* _ASSIGNMENT_: Transcribe all of the records, leaving out any pictures.

* _DATASET RECORDS_:

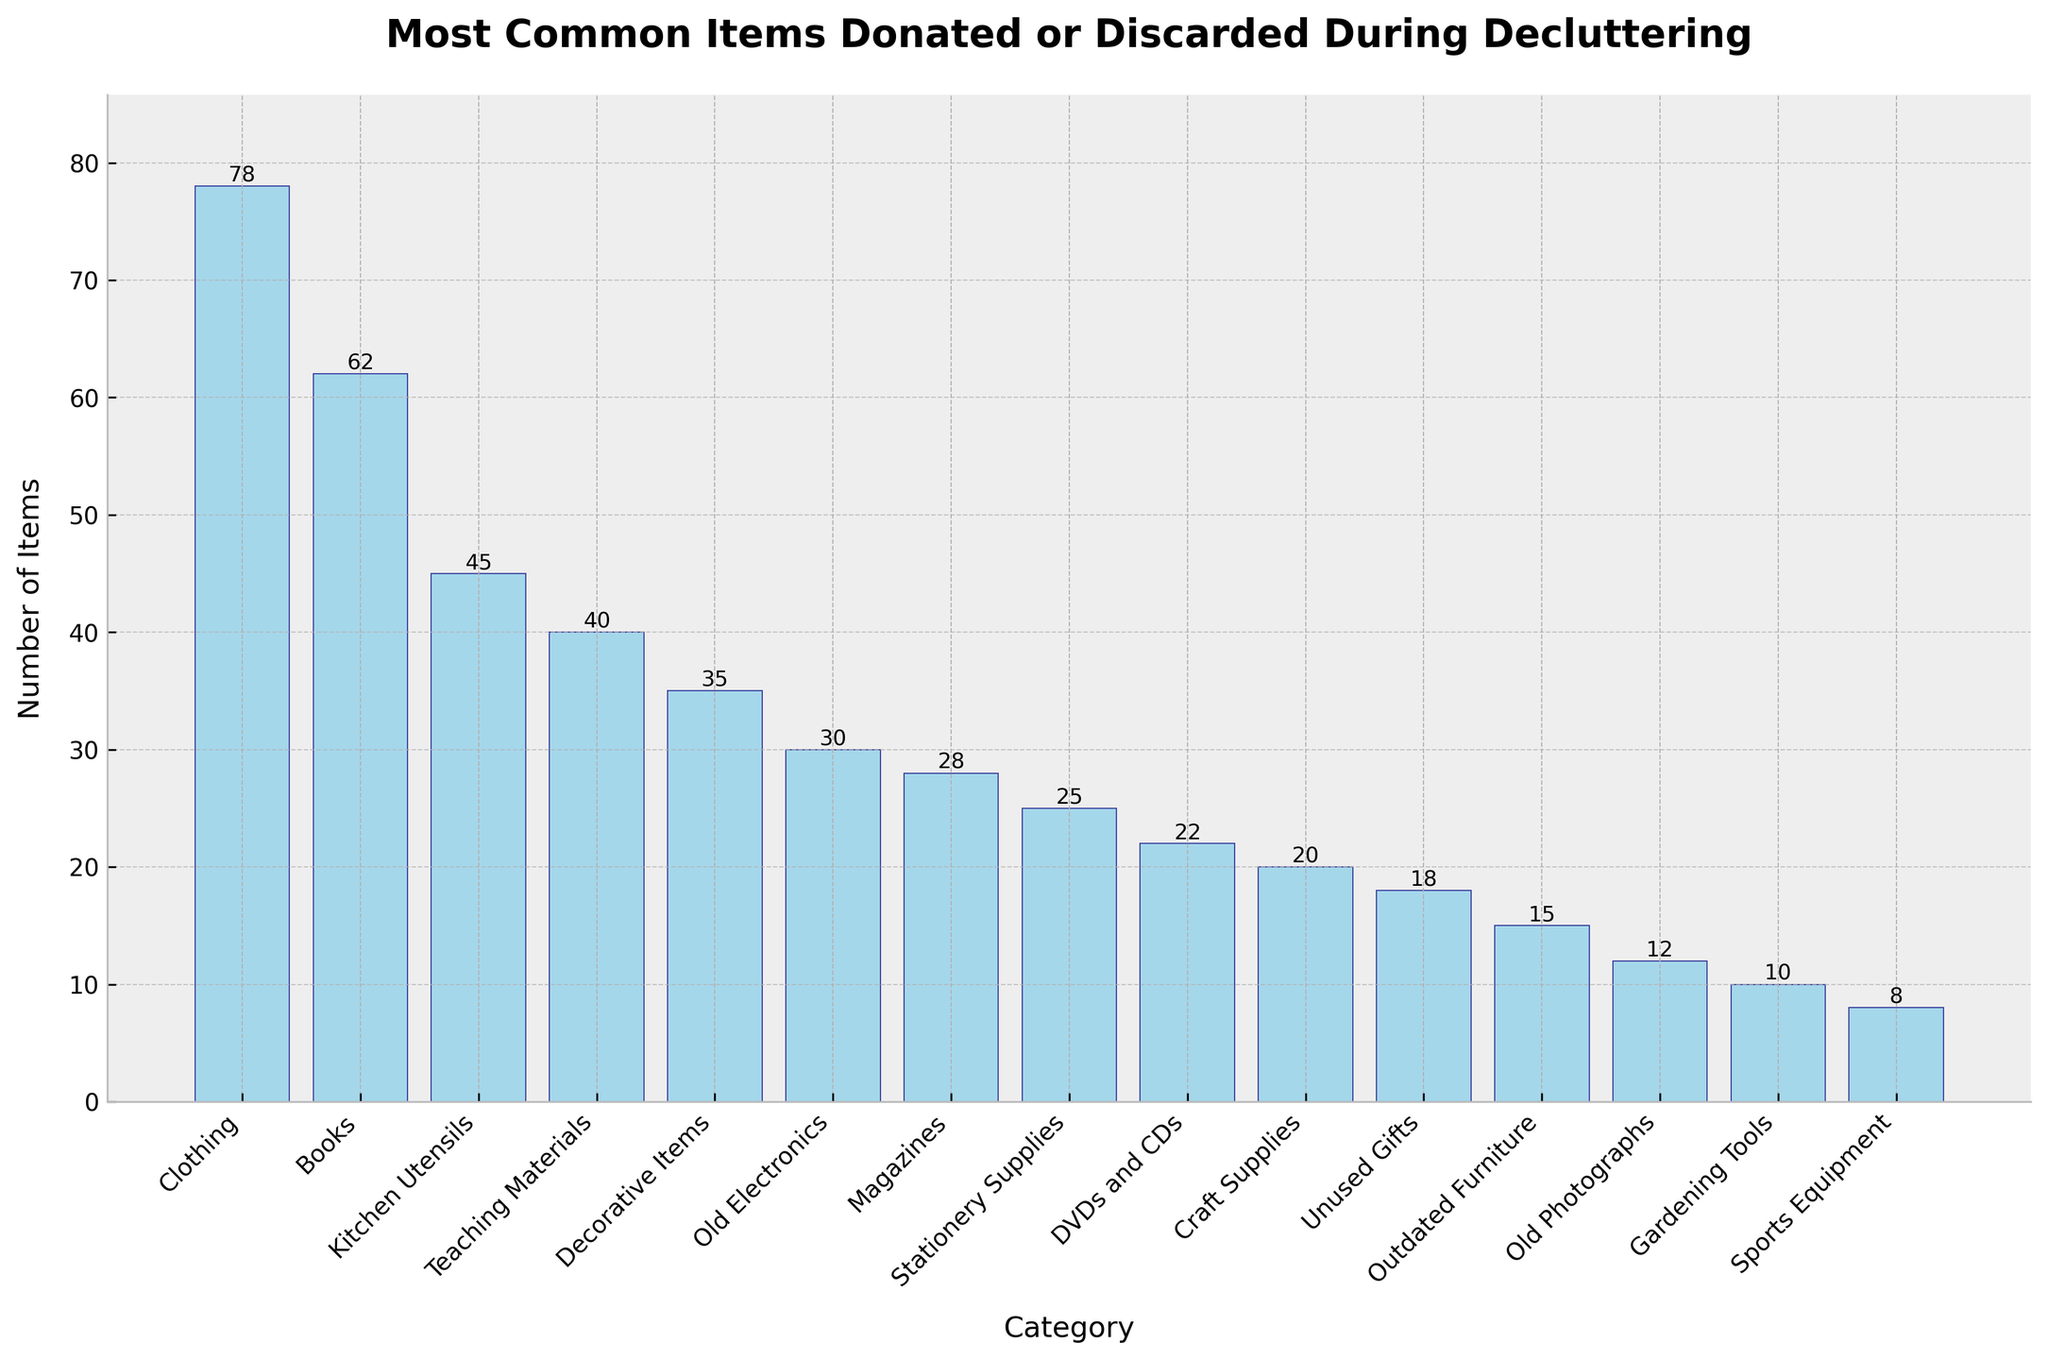Which category has the highest number of items donated or discarded? The category with the highest bar represents the largest number of items. By looking at the heights of the bars, we can see that the "Clothing" category has the highest number.
Answer: Clothing Which category has the second-highest number of items donated or discarded? The second-highest bar corresponds to the second-largest number of items. After "Clothing", the "Books" category has the second-highest bar.
Answer: Books What is the total number of items for the categories "Old Electronics" and "Sports Equipment"? Sum the values for the "Old Electronics" (30 items) and "Sports Equipment" (8 items) categories. 30 + 8 = 38.
Answer: 38 How many more items are there in the "Clothing" category compared to the "Unused Gifts" category? Subtract the number of items in "Unused Gifts" (18 items) from the number of items in "Clothing" (78 items). 78 - 18 = 60.
Answer: 60 What is the average number of items across all categories? Sum all the items from each category (78+62+45+40+35+30+28+25+22+20+18+15+12+10+8 = 448) and divide by the number of categories (15). 448 / 15 ≈ 29.87.
Answer: 29.87 Which category has the least number of items donated or discarded? The shortest bar in the figure indicates the category with the fewest items. The "Sports Equipment" category has the shortest bar with 8 items.
Answer: Sports Equipment Are there more items in the "Books" category or the combined total of "DVDs and CDs" and "Craft Supplies"? First, add the items from "DVDs and CDs" (22) and "Craft Supplies" (20), which equals 42. Then compare it with the number of items in "Books" (62). Since 62 is larger than 42, "Books" has more items.
Answer: Books What is the difference between the highest and the lowest number of items donated or discarded? Subtract the number of items in the "Sports Equipment" category (8) from the number in the "Clothing" category (78). 78 - 8 = 70.
Answer: 70

* _YOUR RESPONSE_:
Which category has the highest number of items donated or discarded? The category with the highest bar represents the largest number of items. By looking at the heights of the bars, we can see that the "Clothing" category has the highest number.
Answer: Clothing Which category has the second-highest number of items donated or discarded? The second-highest bar corresponds to the second-largest number of items. After "Clothing", the "Books" category has the second-highest bar.
Answer: Books What is the total number of items for the categories "Old Electronics" and "Sports Equipment"? Sum the values for the "Old Electronics" (30 items) and "Sports Equipment" (8 items) categories. 30 + 8 = 38.
Answer: 38 How many more items are there in the "Clothing" category compared to the "Unused Gifts" category? Subtract the number of items in "Unused Gifts" (18 items) from the number of items in "Clothing" (78 items). 78 - 18 = 60.
Answer: 60 What is the average number of items across all categories? Sum all the items from each category (78+62+45+40+35+30+28+25+22+20+18+15+12+10+8 = 448) and divide by the number of categories (15). 448 / 15 ≈ 29.87.
Answer: 29.87 Which category has the least number of items donated or discarded? The shortest bar in the figure indicates the category with the fewest items. The "Sports Equipment" category has the shortest bar with 8 items.
Answer: Sports Equipment Are there more items in the "Books" category or the combined total of "DVDs and CDs" and "Craft Supplies"? First, add the items from "DVDs and CDs" (22) and "Craft Supplies" (20), which equals 42. Then compare it with the number of items in "Books" (62). Since 62 is larger than 42, "Books" has more items.
Answer: Books What is the difference between the highest and the lowest number of items donated or discarded? Subtract the number of items in the "Sports Equipment" category (8) from the number in the "Clothing" category (78). 78 - 8 = 70.
Answer: 70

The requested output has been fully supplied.